**About this task**: For this exercise, the lines from the one with "For every layout" through the end of the material below must be output exactly, without pictures.

☆ ☆ ☆ ☆ ☆

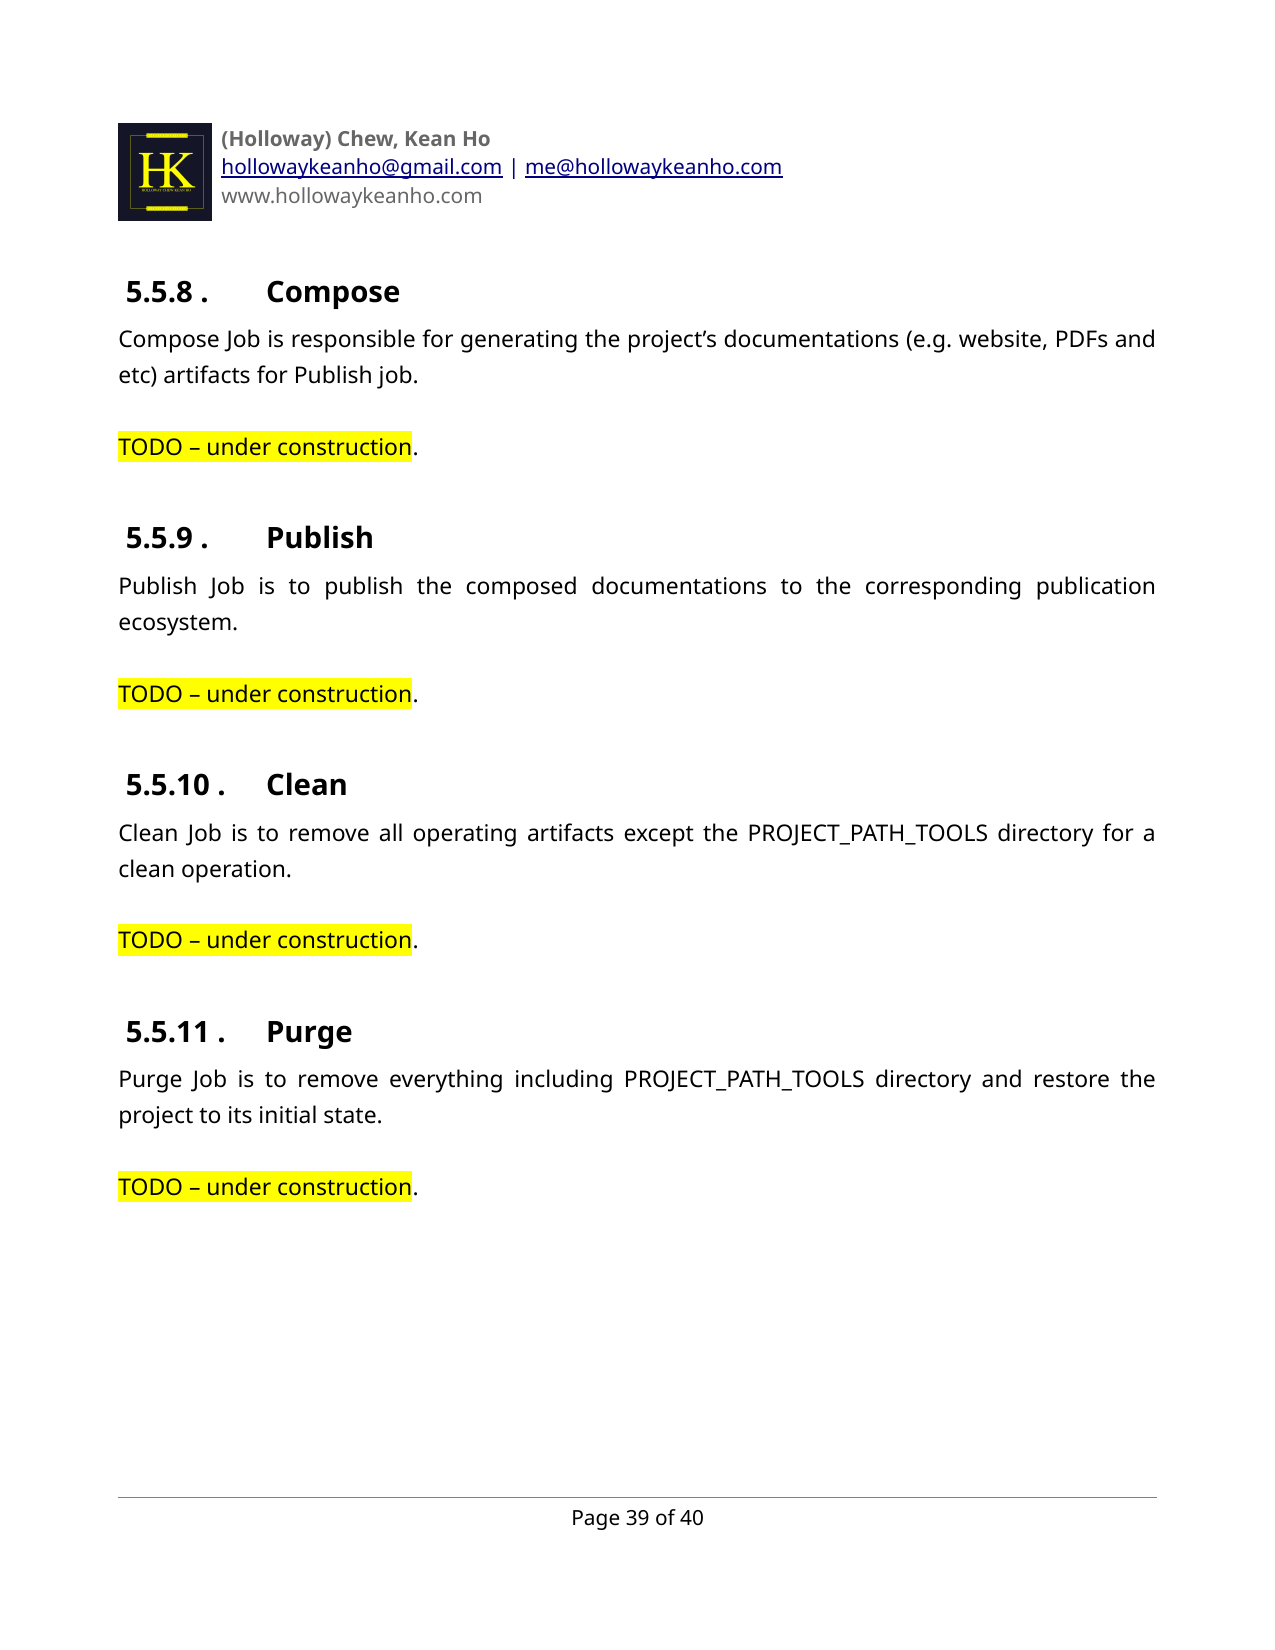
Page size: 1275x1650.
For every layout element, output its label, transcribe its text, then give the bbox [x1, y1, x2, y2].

subtitle Compose [118, 271, 1157, 311]
picture [118, 123, 212, 221]
text Clean Job is to remove all operating artifacts except the PROJECT_PATH_TOOLS directory for a clean operation. [118, 817, 1157, 884]
text Compose Job is responsible for generating the project’s documentations (e.g. website, PDFs and etc) artifacts for Publish job. [118, 323, 1157, 390]
text Purge Job is to remove everything including PROJECT_PATH_TOOLS directory and restore the project to its initial state. [118, 1063, 1157, 1131]
subtitle Purge [118, 1011, 1157, 1051]
text Publish Job is to publish the composed documentations to the corresponding publication ecosystem. [118, 570, 1157, 637]
text TODO – under construction. [118, 678, 1157, 709]
subtitle Publish [118, 517, 1157, 557]
text TODO – under construction. [118, 924, 1157, 956]
text TODO – under construction. [118, 431, 1157, 462]
subtitle Clean [118, 764, 1157, 804]
text TODO – under construction. [118, 1171, 1157, 1202]
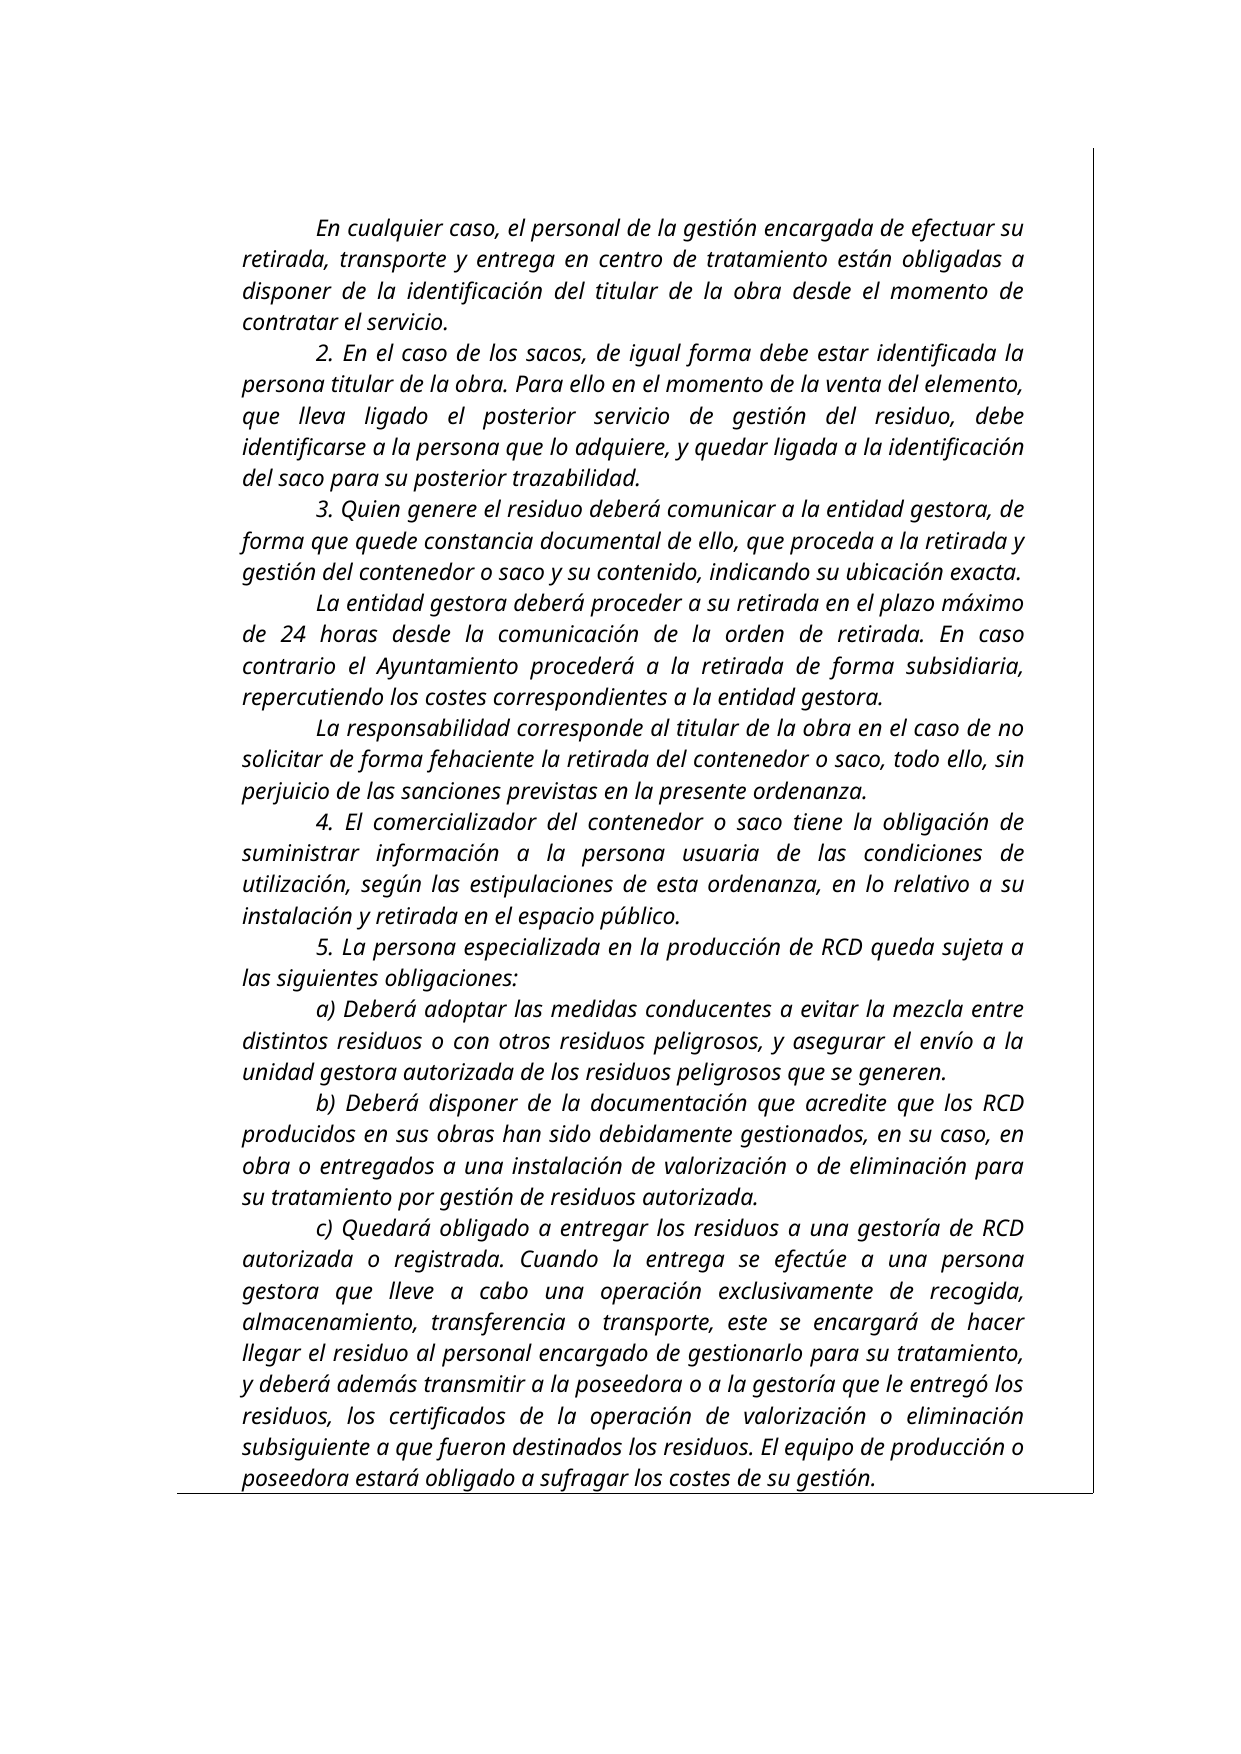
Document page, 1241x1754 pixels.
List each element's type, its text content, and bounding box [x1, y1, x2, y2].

☆ ☆ ☆ ☆ ☆

**Answer for this exercise**:
For every layout element, output its label, transcribe its text, then give the bbox [x1, y1, x2, y2].

subtitle Compose [118, 271, 1157, 311]
picture [118, 123, 212, 221]
text Clean Job is to remove all operating artifacts except the PROJECT_PATH_TOOLS directory for a clean operation. [118, 817, 1157, 884]
text Compose Job is responsible for generating the project’s documentations (e.g. website, PDFs and etc) artifacts for Publish job. [118, 323, 1157, 390]
text Purge Job is to remove everything including PROJECT_PATH_TOOLS directory and restore the project to its initial state. [118, 1063, 1157, 1131]
subtitle Purge [118, 1011, 1157, 1051]
text Publish Job is to publish the composed documentations to the corresponding publication ecosystem. [118, 570, 1157, 637]
text TODO – under construction. [118, 678, 1157, 709]
subtitle Publish [118, 517, 1157, 557]
text TODO – under construction. [118, 924, 1157, 956]
text TODO – under construction. [118, 431, 1157, 462]
subtitle Clean [118, 764, 1157, 804]
text TODO – under construction. [118, 1171, 1157, 1202]
Document page, 1241x1754 pixels.
List each element's type, its text content, and bounding box [x1, y1, x2, y2].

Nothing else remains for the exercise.